Profiling Challenge Results
A few days ago, I posted a
Performance Profile Visualization Challenge
# Clone the repo
$ git clone https://github.com/tigerbeetle/tigerbeetle
$ cd tigerbeetle
$ git switch --detach 0e8be09fb44058c4b37af1fa66458f692e840f8b
# Build the code once to cache compilation
$ ./zig/download.sh
$ ./zig/zig build test -- Cluster
# This is the command we are optimizing
$ /usr/bin/time ./zig/zig build test -- Cluster
151.46 real 146.78 user 4.56 sys
The performance bug in the above code is massive, and it is very obvious. It’s really not hard to find it. The challenge is to find it quickly, to visualize the results in a way that directly points at the culprit, rather the presenting the user with bajillion of tables, graphs, timelines and fires.
Here’s the buggy line:
// For performance, don't run every tick.
if (i % 100 == 0) JournalChecker.check(replica);
The logic is sound! The problem is a typo — instead of tick
, the counter for virtual time, the code uses i
, the index of replica. So, instead of running a check every
100th tick, the code ends up running the check every tick,
but only for replcia 0.
The results of profiling challenge are mixed for me. Looks like the next time something like this comes up, I’ll be wasting some time again!
Narrators voice: it is, in fact, coming up right now, and matklad is simply procrastinating from slogging through actual profiling in favor of writing yet another article.
The only full solution was presented by @vimpostor, using KDAB/hotspot.
The results are truly remarkable:
Go to the “By File” tab, sort by “Cycles:Pu (incl.)”, navigate to the first non-Zig-Toolchain file, and the line is visible directly at the top:
That cluster.zig:502
is precisely the offending line.
That’s exactly what I’ve been asking for! Granted, knowing that you
need to click “By File” tab and then “Cycles:Pu” (who the heck is
Pu
?)
is arcane, but I can live with that. The bigger problem is
that when I run hotspot, there’s simply no “By File” tab =/ I
assume this is some sort of a newer feature (mine is 1.5.90
)? Eagerly waiting for that!
Anyway, @vimpostor, you are the official winner of the challenge, even if I can’t reproduce the result!
A MacOS solution was presented by @delamarch3, using Instruments:
I found the line of code in xcode instruments using the cycles CPU counter. The default setting of sampling every 1M events wasn’t granular enough to find the specific line, only the function, so I reduced it to 750K.
I have very mixed feelings here. Instruments is a beast, and even finding where do I change the sample rate was a challenge. And then, when I did that, the thing just failed with some obscure error. Using some other method, I was able to get a picture similar to that in the screenshot. I do have mixed feelings here — the problem is that I need to click on the right function to see the right line, and it isn’t obvious which function is the right one! It is in the middle of the stack of hottest functions!

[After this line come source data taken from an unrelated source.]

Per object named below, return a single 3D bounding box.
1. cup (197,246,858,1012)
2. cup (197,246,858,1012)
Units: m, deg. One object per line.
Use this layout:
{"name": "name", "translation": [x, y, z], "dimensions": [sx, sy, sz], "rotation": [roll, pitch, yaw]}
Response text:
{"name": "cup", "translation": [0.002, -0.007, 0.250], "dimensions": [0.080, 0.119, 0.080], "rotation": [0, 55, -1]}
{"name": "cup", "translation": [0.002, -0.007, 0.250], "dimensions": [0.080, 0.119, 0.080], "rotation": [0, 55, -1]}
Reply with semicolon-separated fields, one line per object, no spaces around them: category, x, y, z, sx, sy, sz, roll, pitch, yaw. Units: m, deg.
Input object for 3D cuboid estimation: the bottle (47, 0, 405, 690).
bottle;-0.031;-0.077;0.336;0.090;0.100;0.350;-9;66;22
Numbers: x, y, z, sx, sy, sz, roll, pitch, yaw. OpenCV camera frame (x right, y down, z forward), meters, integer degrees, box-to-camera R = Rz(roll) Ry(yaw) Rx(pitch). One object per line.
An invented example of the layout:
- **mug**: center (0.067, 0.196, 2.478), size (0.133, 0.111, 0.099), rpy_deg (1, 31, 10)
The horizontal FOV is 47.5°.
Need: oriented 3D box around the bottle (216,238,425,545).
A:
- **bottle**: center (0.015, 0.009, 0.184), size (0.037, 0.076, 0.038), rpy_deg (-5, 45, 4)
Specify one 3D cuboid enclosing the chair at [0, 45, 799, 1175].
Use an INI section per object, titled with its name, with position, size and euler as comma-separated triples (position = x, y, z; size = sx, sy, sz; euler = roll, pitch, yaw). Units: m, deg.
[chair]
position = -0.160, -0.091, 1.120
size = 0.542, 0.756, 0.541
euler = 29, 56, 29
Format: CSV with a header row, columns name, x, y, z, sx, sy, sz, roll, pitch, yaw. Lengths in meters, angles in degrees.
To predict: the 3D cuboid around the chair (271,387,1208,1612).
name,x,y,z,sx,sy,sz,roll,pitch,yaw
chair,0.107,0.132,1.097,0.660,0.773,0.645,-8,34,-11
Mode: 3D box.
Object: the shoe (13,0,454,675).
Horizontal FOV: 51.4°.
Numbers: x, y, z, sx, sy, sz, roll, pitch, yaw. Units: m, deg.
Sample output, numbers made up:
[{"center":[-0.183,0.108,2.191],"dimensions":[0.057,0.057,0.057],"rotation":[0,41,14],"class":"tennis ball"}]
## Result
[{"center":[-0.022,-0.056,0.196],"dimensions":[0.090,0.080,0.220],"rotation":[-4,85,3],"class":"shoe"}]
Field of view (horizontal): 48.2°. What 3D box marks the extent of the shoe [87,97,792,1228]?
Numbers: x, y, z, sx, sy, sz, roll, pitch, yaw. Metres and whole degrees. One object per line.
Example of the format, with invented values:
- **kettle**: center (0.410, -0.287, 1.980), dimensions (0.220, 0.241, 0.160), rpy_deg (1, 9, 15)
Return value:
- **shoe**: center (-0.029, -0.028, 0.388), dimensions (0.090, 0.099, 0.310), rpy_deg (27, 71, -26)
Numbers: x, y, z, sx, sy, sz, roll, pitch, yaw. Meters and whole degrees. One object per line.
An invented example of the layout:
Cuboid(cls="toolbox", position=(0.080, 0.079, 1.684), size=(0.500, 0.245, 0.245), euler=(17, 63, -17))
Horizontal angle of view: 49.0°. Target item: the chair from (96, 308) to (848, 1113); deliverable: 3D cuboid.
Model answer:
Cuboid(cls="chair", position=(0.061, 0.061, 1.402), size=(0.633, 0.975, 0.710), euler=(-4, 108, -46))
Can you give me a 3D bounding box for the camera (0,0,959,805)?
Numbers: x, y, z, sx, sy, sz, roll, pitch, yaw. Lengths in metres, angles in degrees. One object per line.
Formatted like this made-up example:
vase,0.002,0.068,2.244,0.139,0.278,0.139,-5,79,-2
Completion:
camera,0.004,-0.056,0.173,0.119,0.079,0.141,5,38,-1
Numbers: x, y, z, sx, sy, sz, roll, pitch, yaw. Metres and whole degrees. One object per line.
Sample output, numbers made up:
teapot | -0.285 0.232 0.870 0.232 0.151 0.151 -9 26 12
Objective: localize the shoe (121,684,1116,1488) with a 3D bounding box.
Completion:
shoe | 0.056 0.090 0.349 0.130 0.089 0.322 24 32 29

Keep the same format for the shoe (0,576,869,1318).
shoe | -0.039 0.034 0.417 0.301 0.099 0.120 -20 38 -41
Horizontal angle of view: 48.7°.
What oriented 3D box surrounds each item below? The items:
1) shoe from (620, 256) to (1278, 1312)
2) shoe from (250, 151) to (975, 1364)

Finally, @pierricgimmig shared this cool video profiling with Orbit:
https://www.youtube.com/watch?v=FUh6ZgxeqRs
This does look great and simple, it took only 15 seconds to get something reasonable and identify the clump of hot functions. But it doesn’t actually show the problematic line of code!
Instead, the video focuses on stdx.zeroed
and its caller,
check
, which are just below the actual problem. And this
is exactly the trap I myself fell into when doing this
profiling for real!
My profiler pointed me at stdx.zeroed
, so I first went
optimizing that, thinking that the problem was that it is
horribly slow in debug due to un-eliminated bounds check, but that
wasn’t fruitful. Than, I spend some time looking at the check
and thinking how could I speed it up, by introducing
some kind of caching, or maybe moving the check forward to when the
data are modified. That was hard, so I was discouraged and shelved the
whole thing. Then, at the end of the day, when I was closing my editor
windows I looked at the thing with fresh eyes, and noticed the check
’s call-site by accident!
Summing up, it feels like profiling is easy to do if you do it every day, if you have working tacit knowledge of what to look at, and what’s best ignored. If you are, like me, opening a profiler once every couple of months, you’ll be wasting a lot of time every time to just get into the groove. At least until that presumably new version of hotspot comes out!